[Exercise directions] The lines from the one with "Objects are listed" through the last line of the material below, copied exactly and free of pictures, make up the whole answer.

_____

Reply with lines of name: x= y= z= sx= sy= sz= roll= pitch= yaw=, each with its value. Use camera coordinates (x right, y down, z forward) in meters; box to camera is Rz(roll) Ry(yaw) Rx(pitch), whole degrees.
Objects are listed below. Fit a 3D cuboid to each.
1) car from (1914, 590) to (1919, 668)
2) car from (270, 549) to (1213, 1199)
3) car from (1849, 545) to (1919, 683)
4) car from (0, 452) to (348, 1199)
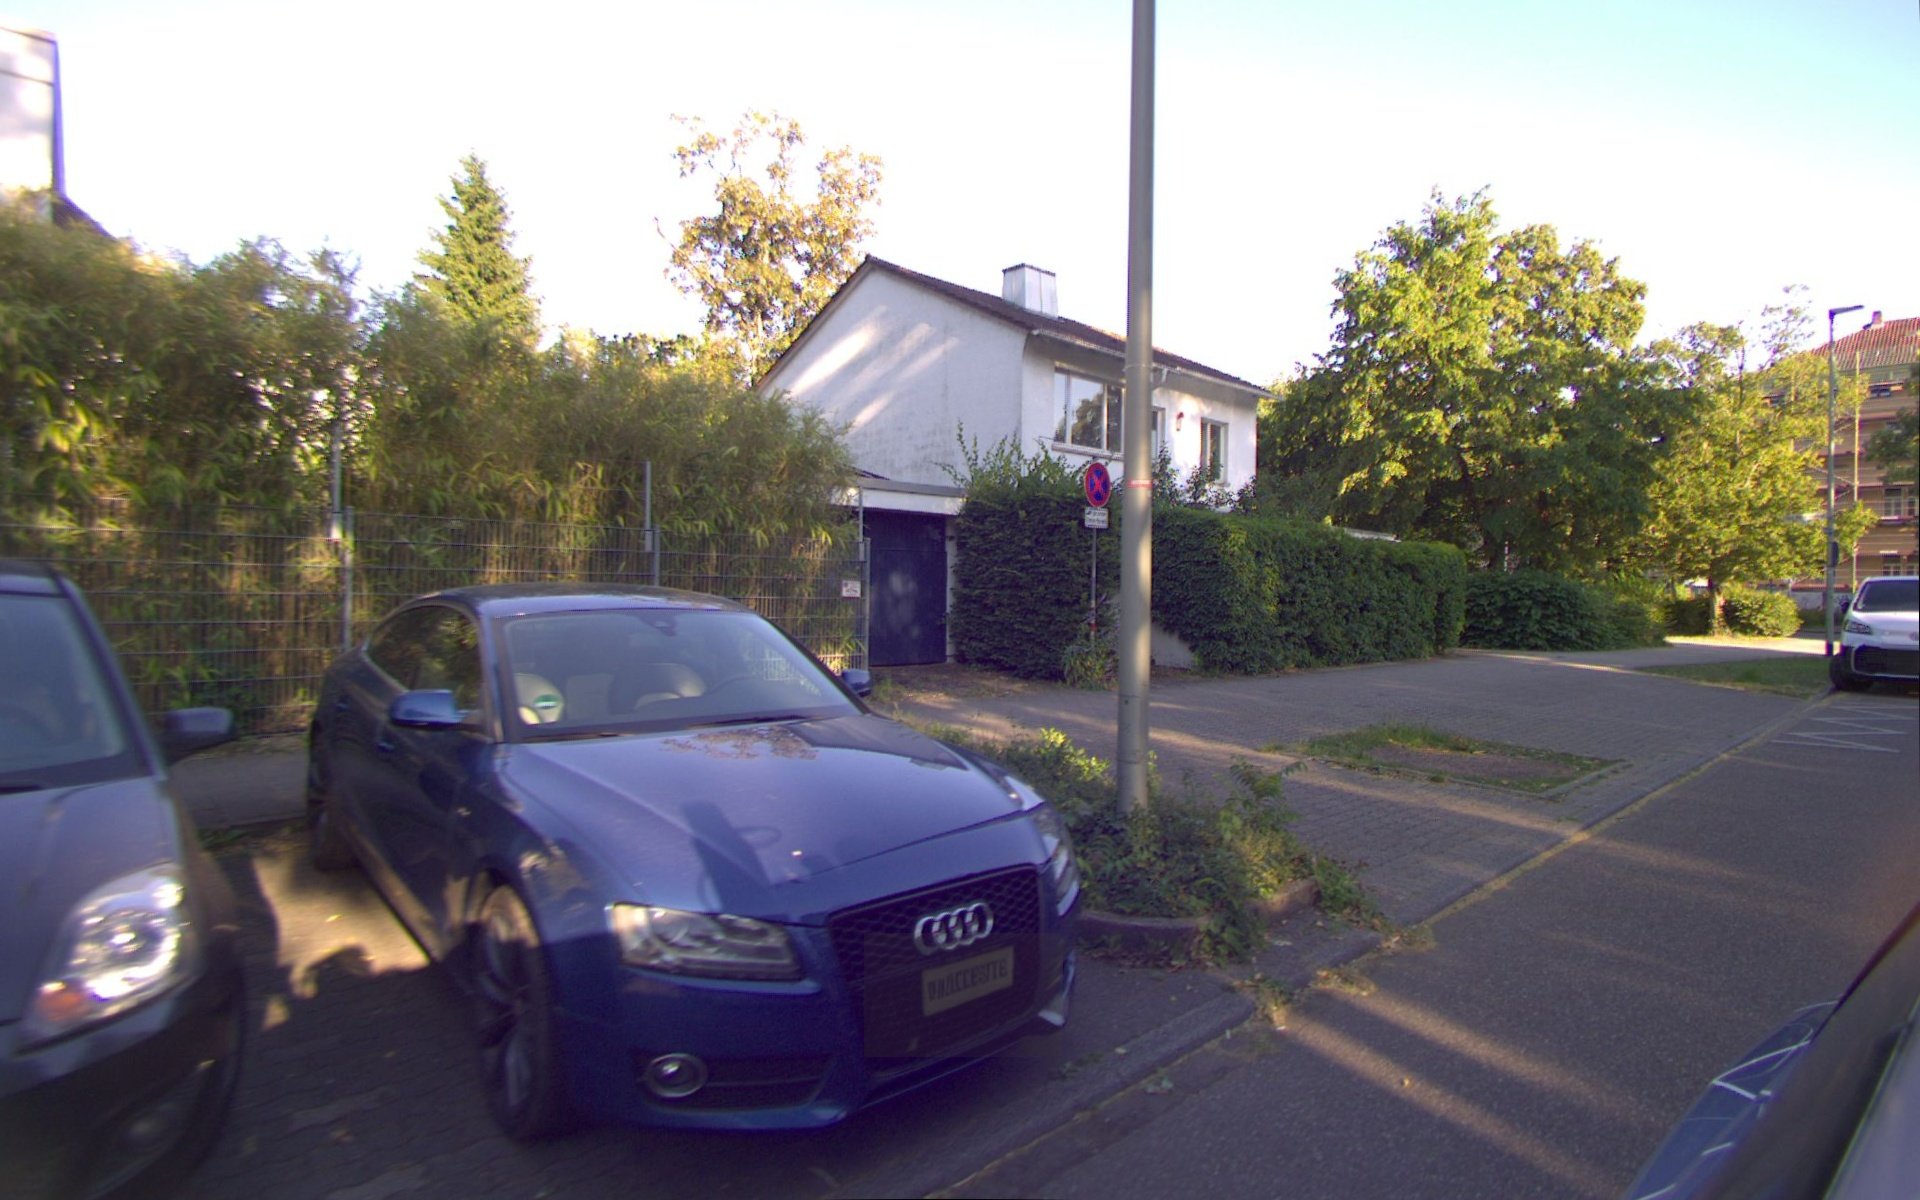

_____

[Answer space]
Objects are listed below. Fit a 3D cuboid to each.
1) car from (1914, 590) to (1919, 668)
2) car from (270, 549) to (1213, 1199)
3) car from (1849, 545) to (1919, 683)
4) car from (0, 452) to (348, 1199)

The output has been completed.